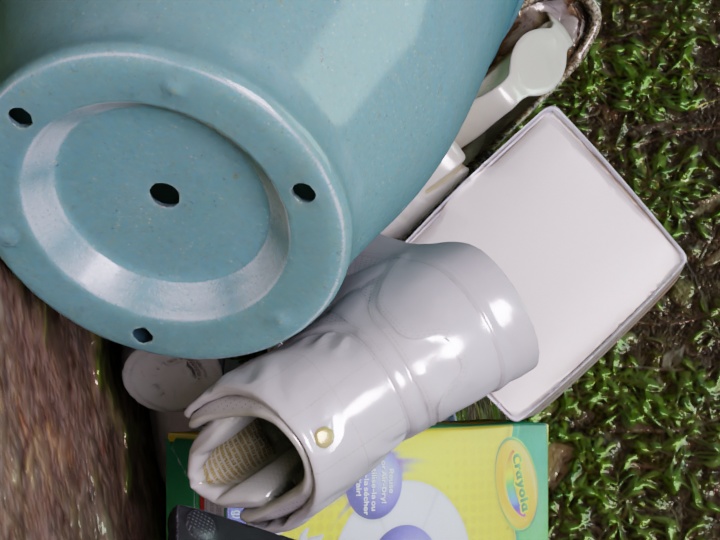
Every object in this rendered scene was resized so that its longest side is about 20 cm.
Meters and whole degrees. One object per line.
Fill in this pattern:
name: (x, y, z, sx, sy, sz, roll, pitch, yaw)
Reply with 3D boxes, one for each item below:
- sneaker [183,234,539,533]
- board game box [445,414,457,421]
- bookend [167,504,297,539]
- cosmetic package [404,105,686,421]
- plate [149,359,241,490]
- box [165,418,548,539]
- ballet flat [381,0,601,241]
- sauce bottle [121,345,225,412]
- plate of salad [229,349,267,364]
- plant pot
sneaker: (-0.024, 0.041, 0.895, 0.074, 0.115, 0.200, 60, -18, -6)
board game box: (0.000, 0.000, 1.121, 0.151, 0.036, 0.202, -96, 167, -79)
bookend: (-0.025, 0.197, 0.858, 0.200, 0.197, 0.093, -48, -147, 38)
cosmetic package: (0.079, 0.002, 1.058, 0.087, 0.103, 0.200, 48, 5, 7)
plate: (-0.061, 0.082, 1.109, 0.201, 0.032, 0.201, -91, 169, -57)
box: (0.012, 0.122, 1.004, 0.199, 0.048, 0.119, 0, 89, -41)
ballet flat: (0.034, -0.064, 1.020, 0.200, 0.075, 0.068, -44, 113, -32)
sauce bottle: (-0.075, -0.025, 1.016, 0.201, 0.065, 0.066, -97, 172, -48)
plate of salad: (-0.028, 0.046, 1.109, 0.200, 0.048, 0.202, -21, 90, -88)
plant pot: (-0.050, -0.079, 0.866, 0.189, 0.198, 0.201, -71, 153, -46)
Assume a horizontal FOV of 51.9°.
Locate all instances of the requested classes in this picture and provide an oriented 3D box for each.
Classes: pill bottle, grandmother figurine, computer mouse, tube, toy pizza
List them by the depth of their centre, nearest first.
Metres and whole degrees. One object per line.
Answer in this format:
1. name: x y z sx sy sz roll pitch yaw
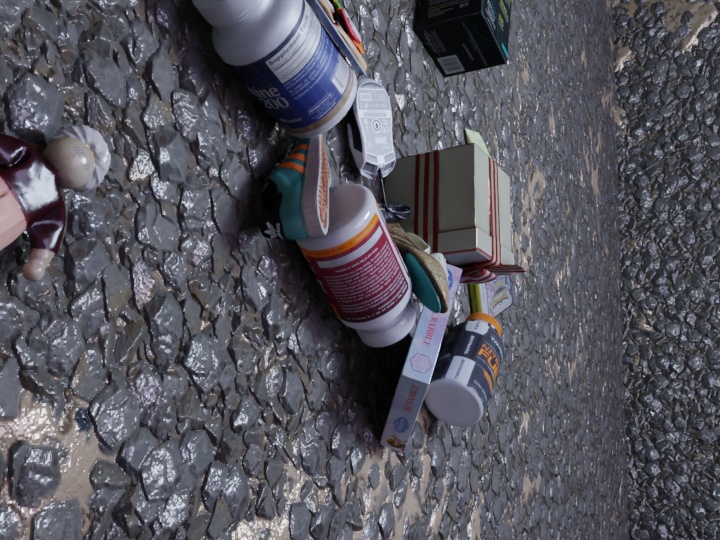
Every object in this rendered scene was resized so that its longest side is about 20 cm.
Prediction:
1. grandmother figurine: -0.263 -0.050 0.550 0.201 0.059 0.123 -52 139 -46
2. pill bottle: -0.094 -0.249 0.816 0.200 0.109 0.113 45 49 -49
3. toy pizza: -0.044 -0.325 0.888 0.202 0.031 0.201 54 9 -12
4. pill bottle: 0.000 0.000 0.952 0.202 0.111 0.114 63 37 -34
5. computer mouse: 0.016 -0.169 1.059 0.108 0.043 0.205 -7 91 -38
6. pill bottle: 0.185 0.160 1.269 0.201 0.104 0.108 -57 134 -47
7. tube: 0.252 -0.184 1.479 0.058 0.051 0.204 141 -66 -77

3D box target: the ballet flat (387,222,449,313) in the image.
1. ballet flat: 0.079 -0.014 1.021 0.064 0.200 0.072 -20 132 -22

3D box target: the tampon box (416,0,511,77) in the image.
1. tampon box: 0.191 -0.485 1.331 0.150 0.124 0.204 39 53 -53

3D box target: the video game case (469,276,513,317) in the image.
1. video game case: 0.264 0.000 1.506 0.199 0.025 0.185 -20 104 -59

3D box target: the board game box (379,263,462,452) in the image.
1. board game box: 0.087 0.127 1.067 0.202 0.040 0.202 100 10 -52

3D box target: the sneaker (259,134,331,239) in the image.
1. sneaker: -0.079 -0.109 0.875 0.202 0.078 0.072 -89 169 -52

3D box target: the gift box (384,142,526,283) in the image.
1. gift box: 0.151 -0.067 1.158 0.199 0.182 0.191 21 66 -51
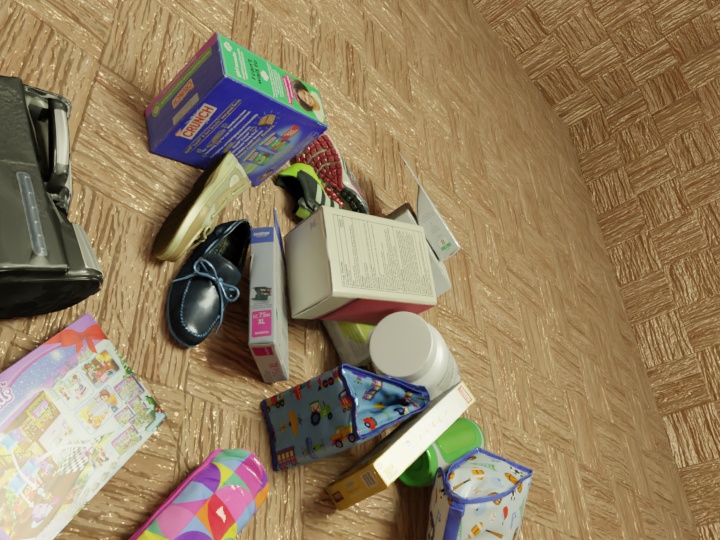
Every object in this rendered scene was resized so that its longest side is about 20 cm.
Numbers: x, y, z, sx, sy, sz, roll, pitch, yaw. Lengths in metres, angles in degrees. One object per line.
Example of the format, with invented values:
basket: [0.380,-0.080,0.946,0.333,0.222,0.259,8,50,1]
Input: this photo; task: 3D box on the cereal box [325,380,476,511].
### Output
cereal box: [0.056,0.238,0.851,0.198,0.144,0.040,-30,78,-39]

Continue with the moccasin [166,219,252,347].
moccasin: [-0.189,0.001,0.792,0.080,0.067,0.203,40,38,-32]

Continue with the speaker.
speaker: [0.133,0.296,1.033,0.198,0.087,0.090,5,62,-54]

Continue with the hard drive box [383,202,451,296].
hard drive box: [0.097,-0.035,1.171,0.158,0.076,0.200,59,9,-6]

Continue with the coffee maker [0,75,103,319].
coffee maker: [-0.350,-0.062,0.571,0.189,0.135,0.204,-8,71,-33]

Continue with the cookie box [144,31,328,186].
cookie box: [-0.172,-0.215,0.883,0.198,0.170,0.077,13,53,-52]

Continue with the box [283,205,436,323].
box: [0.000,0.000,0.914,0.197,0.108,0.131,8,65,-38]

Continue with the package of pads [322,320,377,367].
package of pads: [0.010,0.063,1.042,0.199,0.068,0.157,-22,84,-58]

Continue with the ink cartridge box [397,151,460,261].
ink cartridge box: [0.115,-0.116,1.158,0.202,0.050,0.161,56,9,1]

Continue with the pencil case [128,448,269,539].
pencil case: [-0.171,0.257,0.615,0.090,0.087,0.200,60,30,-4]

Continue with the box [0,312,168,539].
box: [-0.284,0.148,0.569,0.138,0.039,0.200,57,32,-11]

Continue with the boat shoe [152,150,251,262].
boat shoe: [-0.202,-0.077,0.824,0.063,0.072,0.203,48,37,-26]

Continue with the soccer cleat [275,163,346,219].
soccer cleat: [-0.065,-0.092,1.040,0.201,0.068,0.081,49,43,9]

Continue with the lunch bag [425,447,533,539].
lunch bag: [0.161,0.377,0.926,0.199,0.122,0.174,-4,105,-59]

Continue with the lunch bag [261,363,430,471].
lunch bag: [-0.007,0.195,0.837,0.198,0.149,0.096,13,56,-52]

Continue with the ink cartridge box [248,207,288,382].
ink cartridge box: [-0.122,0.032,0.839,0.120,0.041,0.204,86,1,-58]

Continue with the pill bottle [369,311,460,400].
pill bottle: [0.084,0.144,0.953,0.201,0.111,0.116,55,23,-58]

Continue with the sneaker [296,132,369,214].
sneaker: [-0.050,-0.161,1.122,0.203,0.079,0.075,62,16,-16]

────

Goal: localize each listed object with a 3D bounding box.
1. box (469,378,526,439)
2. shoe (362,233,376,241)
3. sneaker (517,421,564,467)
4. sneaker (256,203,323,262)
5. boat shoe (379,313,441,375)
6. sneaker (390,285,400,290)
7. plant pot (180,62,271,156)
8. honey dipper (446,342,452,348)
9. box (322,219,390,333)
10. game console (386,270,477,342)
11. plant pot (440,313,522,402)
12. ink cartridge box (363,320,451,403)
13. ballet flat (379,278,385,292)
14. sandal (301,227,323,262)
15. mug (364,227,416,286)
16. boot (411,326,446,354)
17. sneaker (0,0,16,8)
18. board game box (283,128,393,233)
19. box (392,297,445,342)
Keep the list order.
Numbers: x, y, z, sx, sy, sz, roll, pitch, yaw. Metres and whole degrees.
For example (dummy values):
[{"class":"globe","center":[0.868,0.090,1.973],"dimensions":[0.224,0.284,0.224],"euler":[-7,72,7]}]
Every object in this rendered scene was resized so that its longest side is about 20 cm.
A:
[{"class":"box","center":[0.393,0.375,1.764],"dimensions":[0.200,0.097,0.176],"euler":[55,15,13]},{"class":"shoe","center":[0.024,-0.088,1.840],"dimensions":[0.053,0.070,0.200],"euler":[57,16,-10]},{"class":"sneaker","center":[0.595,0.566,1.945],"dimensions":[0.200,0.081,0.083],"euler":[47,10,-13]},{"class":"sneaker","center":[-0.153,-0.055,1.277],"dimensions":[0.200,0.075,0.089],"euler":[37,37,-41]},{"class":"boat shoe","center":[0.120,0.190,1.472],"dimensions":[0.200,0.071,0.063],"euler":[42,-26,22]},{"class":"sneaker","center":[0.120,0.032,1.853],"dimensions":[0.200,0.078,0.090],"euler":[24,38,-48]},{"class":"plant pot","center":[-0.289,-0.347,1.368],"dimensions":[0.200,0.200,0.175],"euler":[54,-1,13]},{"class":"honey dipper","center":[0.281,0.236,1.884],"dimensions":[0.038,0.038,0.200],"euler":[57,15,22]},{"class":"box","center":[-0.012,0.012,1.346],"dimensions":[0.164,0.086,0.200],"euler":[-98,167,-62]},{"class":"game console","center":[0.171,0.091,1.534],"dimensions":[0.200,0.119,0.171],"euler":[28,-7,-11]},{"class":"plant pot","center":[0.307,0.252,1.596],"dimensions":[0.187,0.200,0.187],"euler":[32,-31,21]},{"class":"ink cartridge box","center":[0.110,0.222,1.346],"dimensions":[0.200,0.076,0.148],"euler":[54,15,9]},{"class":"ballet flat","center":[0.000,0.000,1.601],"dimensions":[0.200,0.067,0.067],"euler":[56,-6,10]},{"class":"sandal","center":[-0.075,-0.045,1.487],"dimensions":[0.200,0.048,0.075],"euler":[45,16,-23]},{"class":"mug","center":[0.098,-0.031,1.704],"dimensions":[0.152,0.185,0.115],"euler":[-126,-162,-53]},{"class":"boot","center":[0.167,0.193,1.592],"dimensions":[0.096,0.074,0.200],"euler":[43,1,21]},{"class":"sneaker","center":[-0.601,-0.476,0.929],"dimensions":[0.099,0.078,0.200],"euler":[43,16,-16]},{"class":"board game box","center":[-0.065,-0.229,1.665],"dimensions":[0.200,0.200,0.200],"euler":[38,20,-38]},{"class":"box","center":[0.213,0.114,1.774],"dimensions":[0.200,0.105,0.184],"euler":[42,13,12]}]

────

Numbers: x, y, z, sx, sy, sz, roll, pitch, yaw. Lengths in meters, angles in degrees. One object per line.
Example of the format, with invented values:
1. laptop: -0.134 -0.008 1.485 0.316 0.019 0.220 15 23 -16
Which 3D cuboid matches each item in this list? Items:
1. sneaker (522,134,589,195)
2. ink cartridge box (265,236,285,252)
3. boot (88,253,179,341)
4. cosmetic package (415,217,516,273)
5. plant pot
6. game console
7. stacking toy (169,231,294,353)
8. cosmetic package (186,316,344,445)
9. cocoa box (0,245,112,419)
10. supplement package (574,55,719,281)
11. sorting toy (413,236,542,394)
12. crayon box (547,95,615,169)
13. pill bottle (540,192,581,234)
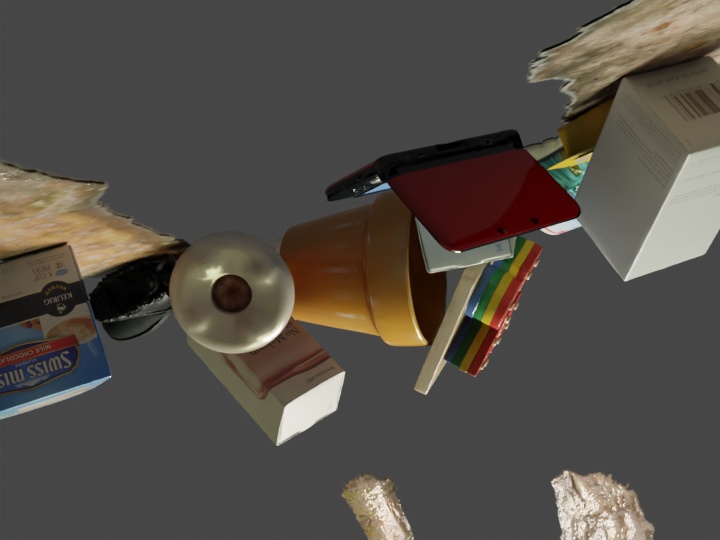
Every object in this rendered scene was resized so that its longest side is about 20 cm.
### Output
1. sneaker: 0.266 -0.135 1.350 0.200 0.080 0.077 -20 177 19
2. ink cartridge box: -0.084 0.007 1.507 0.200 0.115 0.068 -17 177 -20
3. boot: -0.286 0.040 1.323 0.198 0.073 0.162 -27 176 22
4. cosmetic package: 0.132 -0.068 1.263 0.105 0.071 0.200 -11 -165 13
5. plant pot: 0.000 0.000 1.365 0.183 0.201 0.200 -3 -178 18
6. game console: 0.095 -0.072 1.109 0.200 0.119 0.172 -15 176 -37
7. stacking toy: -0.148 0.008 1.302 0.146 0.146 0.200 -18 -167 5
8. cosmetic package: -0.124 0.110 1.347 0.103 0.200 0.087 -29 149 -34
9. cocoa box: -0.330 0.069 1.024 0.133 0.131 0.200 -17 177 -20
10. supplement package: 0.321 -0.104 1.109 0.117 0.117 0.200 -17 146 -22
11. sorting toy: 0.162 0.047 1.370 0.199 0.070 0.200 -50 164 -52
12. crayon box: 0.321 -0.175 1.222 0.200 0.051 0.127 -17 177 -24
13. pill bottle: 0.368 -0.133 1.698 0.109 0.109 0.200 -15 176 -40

────

▸ **How to complete this task**: Every line of the records that includes the word "Numbers" should be gathered.

▸ **Response**:
Numbers: x, y, z, sx, sy, sz, roll, pitch, yaw. Lengths in metres, angles in degrees. One object per line.
Numbers: x, y, z, sx, sy, sz, roll, pitch, yaw. Metres and whole degrees.
Numbers: x, y, z, sx, sy, sz, roll, pitch, yaw. Lengths in meters, angles in degrees. One object per line.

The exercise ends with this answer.